_SOURCE DATA_
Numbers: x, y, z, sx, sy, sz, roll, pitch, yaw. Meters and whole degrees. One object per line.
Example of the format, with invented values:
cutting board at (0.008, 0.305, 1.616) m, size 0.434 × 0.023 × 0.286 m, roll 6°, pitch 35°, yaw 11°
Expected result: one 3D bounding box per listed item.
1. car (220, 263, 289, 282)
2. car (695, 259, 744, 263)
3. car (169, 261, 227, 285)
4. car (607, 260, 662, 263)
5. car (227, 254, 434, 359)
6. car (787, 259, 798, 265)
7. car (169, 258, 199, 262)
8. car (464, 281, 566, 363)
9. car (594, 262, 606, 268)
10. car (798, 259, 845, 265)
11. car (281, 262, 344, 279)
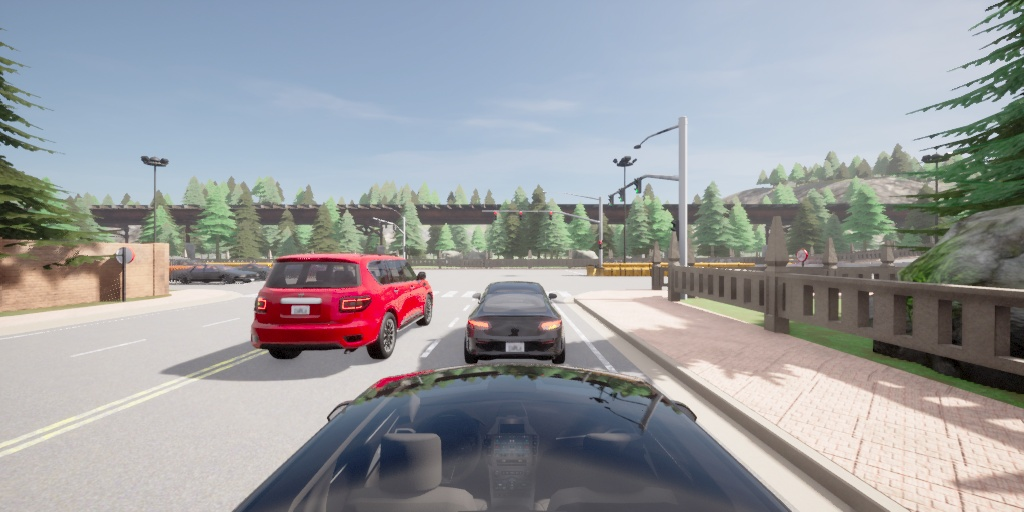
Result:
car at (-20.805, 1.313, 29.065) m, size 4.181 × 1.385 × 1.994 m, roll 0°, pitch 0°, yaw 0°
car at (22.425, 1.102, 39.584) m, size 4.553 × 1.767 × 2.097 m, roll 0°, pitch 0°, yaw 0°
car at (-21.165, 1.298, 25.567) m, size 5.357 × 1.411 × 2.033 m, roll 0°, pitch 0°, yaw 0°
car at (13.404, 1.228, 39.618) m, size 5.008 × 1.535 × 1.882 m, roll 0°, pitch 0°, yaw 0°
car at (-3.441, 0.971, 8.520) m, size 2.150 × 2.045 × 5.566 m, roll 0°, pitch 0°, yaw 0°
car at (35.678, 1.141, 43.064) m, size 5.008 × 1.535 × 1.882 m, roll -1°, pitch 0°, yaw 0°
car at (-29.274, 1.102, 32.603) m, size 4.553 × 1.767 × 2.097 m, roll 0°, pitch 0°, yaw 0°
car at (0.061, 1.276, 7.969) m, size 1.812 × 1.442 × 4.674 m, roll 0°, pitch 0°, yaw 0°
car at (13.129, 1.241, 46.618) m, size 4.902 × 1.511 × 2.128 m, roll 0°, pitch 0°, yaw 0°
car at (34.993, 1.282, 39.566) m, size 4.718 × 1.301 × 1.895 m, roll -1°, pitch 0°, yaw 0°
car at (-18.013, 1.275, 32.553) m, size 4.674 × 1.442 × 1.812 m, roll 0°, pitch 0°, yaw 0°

==

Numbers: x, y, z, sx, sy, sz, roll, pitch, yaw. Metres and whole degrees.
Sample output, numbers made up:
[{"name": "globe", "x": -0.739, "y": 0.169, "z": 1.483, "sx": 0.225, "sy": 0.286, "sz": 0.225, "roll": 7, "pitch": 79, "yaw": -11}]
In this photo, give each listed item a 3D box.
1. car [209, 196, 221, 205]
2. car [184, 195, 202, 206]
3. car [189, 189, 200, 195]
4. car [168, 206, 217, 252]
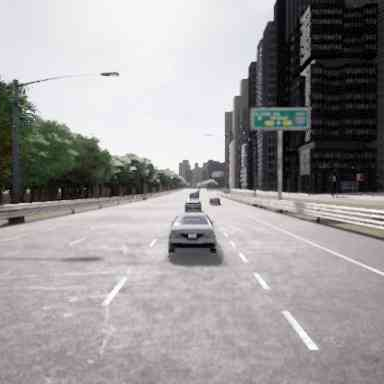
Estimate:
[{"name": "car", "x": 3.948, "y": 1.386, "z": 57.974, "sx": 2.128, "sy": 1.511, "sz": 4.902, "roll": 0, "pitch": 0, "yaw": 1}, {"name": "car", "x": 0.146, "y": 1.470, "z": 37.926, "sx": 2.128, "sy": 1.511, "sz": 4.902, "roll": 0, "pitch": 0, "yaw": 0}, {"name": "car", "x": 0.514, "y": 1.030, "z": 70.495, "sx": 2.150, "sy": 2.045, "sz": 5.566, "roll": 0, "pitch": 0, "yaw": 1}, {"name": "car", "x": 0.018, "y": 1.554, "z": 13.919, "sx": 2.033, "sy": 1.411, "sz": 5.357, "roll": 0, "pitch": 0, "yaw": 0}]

...

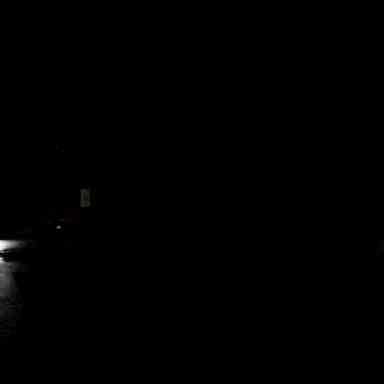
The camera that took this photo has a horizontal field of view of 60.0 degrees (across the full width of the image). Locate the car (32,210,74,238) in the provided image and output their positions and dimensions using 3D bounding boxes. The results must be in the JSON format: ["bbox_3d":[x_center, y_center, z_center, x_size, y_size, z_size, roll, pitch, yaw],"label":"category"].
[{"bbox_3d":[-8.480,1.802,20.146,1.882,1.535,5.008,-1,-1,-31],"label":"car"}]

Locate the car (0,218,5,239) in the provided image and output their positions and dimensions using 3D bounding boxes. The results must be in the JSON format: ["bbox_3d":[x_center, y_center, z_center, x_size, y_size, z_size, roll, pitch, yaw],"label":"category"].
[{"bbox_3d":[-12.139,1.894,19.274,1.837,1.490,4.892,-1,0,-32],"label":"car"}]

_ASSIGNMENT_
Going through the data above, return each line with the word "listed".

_RESPONSE AREA_
Expected result: one 3D bounding box per listed item.
In this photo, give each listed item a 3D box.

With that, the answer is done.